Instructions for the task:
The expected output is the full data, repeated exactly, without pictures.

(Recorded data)

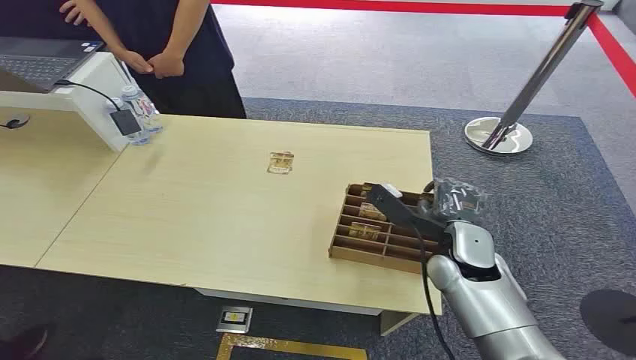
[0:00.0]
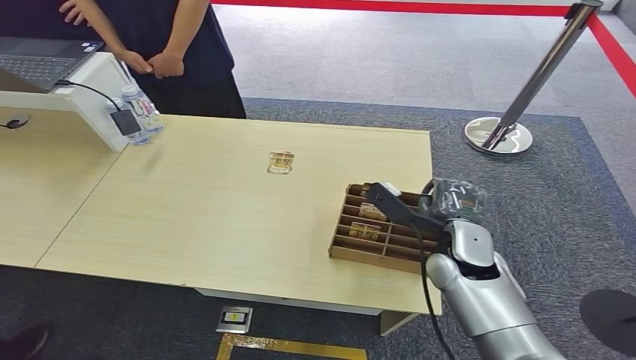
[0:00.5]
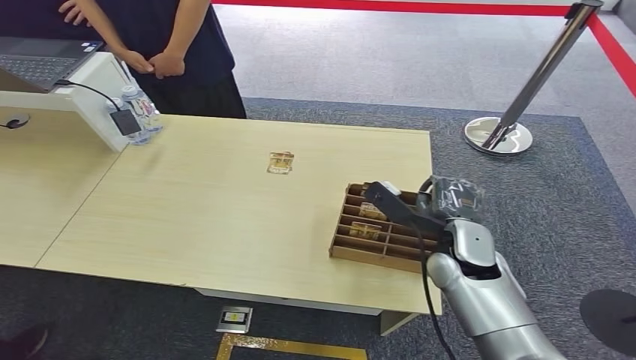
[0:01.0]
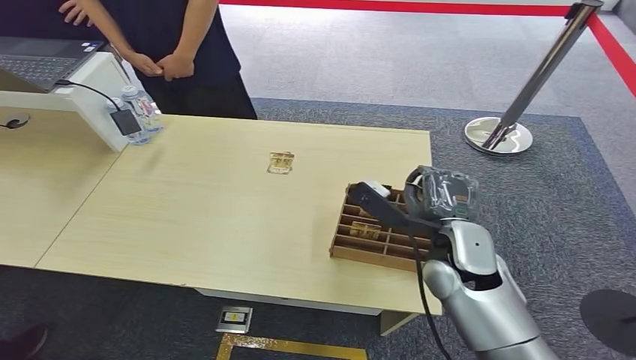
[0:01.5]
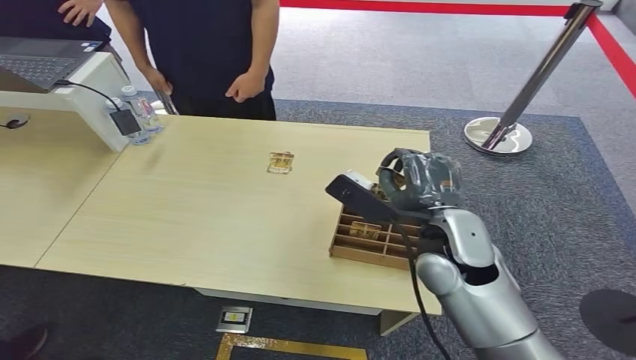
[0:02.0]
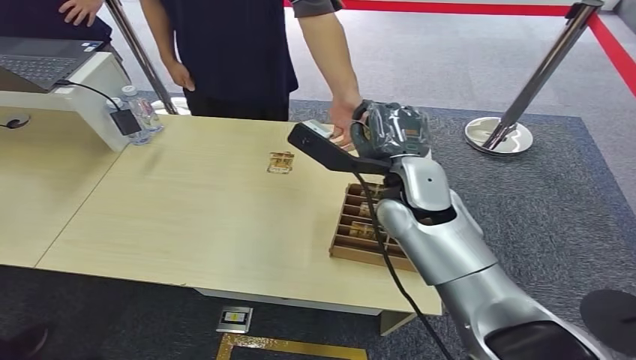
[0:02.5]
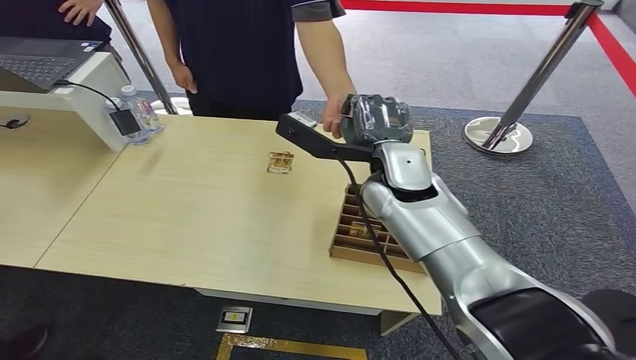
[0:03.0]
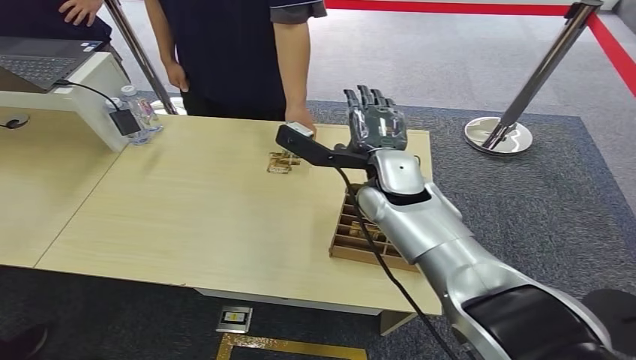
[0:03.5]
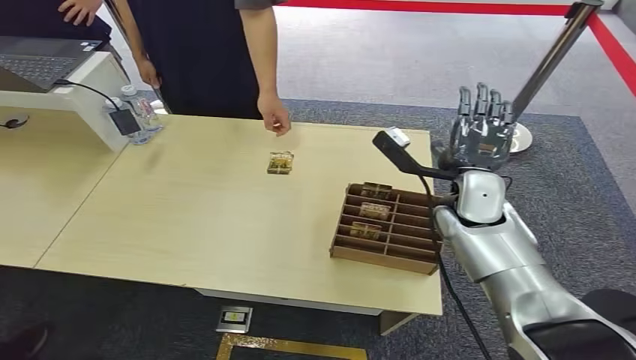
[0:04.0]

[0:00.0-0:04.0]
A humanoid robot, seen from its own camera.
Step, 0:00.0 to 0:02.0: Pick up the room card from the card holder.
Step, 0:02.5 to 0:03.5: Hand the room card to the target.
0:02.0 to 0:04.0: The right hand travels forward by about 10 cm.

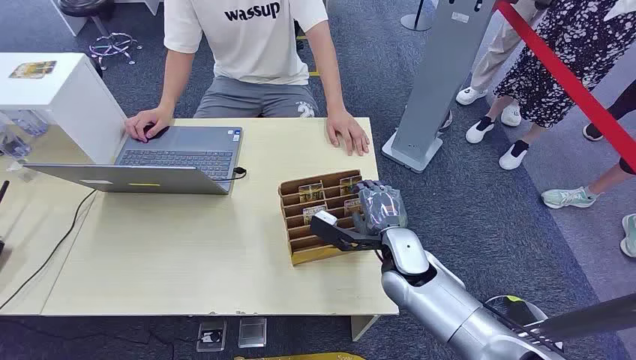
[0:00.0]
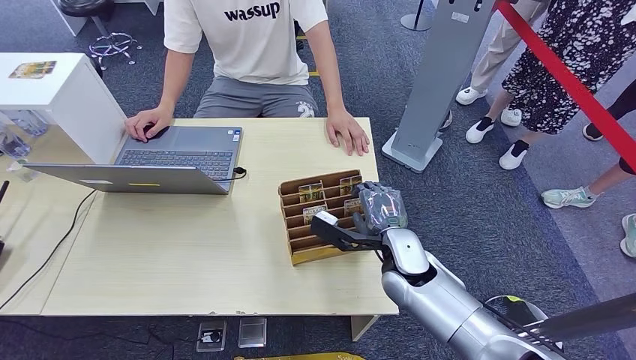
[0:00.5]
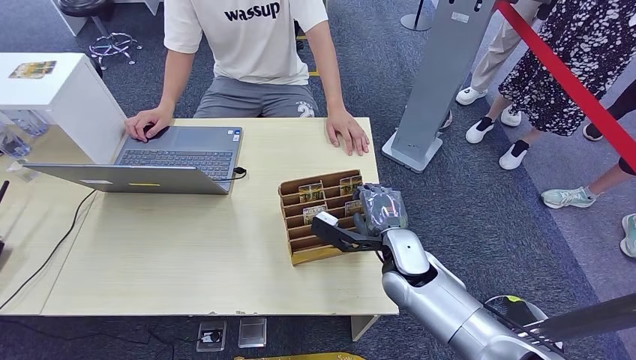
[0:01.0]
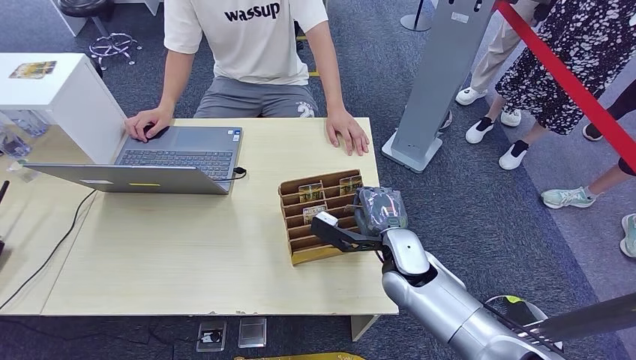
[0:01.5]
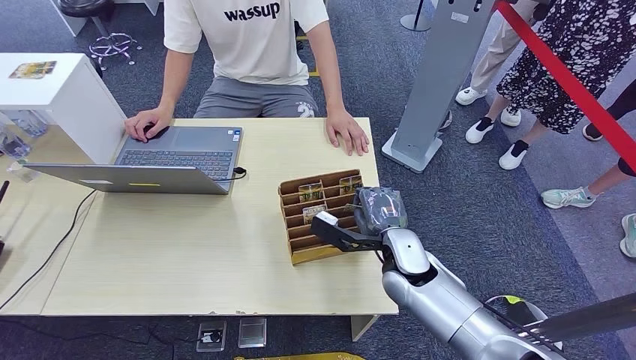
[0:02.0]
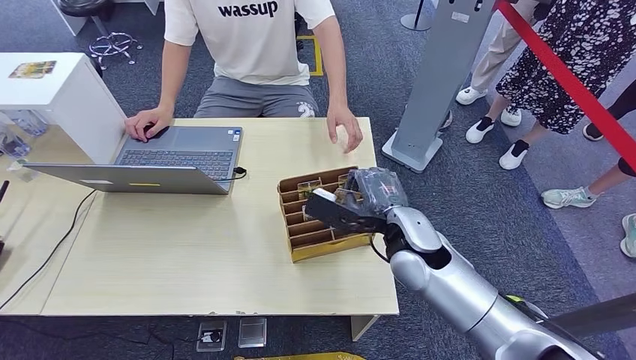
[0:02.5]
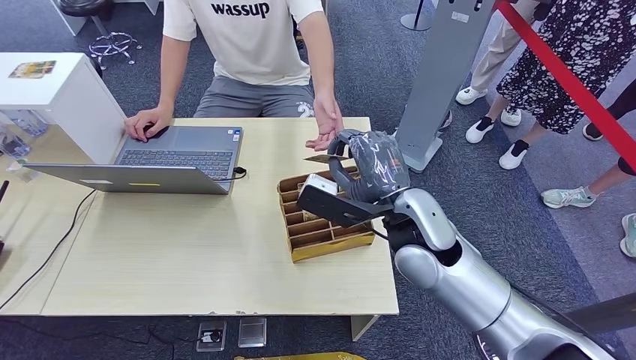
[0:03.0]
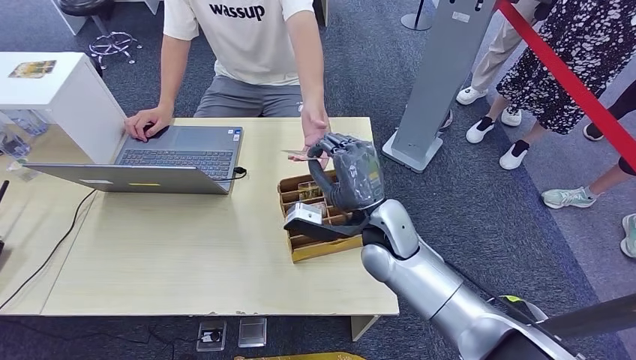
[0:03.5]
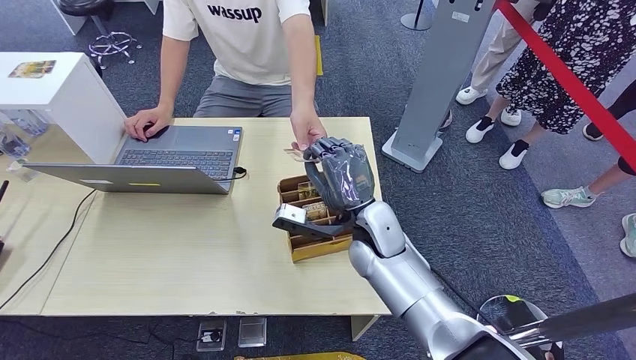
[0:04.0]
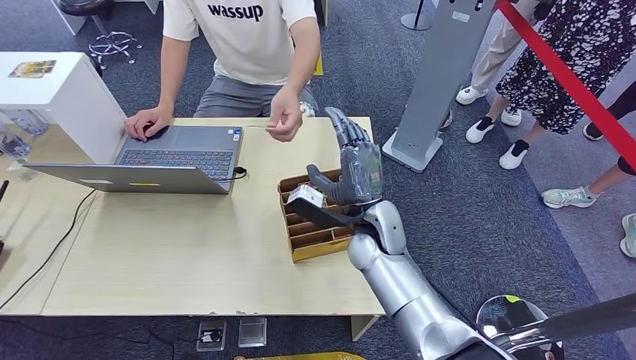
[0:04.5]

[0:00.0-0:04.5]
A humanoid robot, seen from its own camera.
Step, 0:00.0 to 0:02.5: Pick up the room card from the card holder.
Step, 0:03.0 to 0:04.0: Hand the room card to the target.
0:02.0 to 0:04.5: The right hand moves to the left, about 5 cm, and moves about 15 cm upward and comes back.

Result of this exercise:
[0:00.0]
[0:00.5]
[0:01.0]
[0:01.5]
[0:02.0]
[0:02.5]
[0:03.0]
[0:03.5]
[0:04.0]

[0:00.0-0:04.0]
A humanoid robot, seen from its own camera.
Step, 0:00.0 to 0:02.0: Pick up the room card from the card holder.
Step, 0:02.5 to 0:03.5: Hand the room card to the target.
0:02.0 to 0:04.0: The right hand travels forward by about 10 cm.

[0:00.0]
[0:00.5]
[0:01.0]
[0:01.5]
[0:02.0]
[0:02.5]
[0:03.0]
[0:03.5]
[0:04.0]
[0:04.5]

[0:00.0-0:04.5]
A humanoid robot, seen from its own camera.
Step, 0:00.0 to 0:02.5: Pick up the room card from the card holder.
Step, 0:03.0 to 0:04.0: Hand the room card to the target.
0:02.0 to 0:04.5: The right hand moves to the left, about 5 cm, and moves about 15 cm upward and comes back.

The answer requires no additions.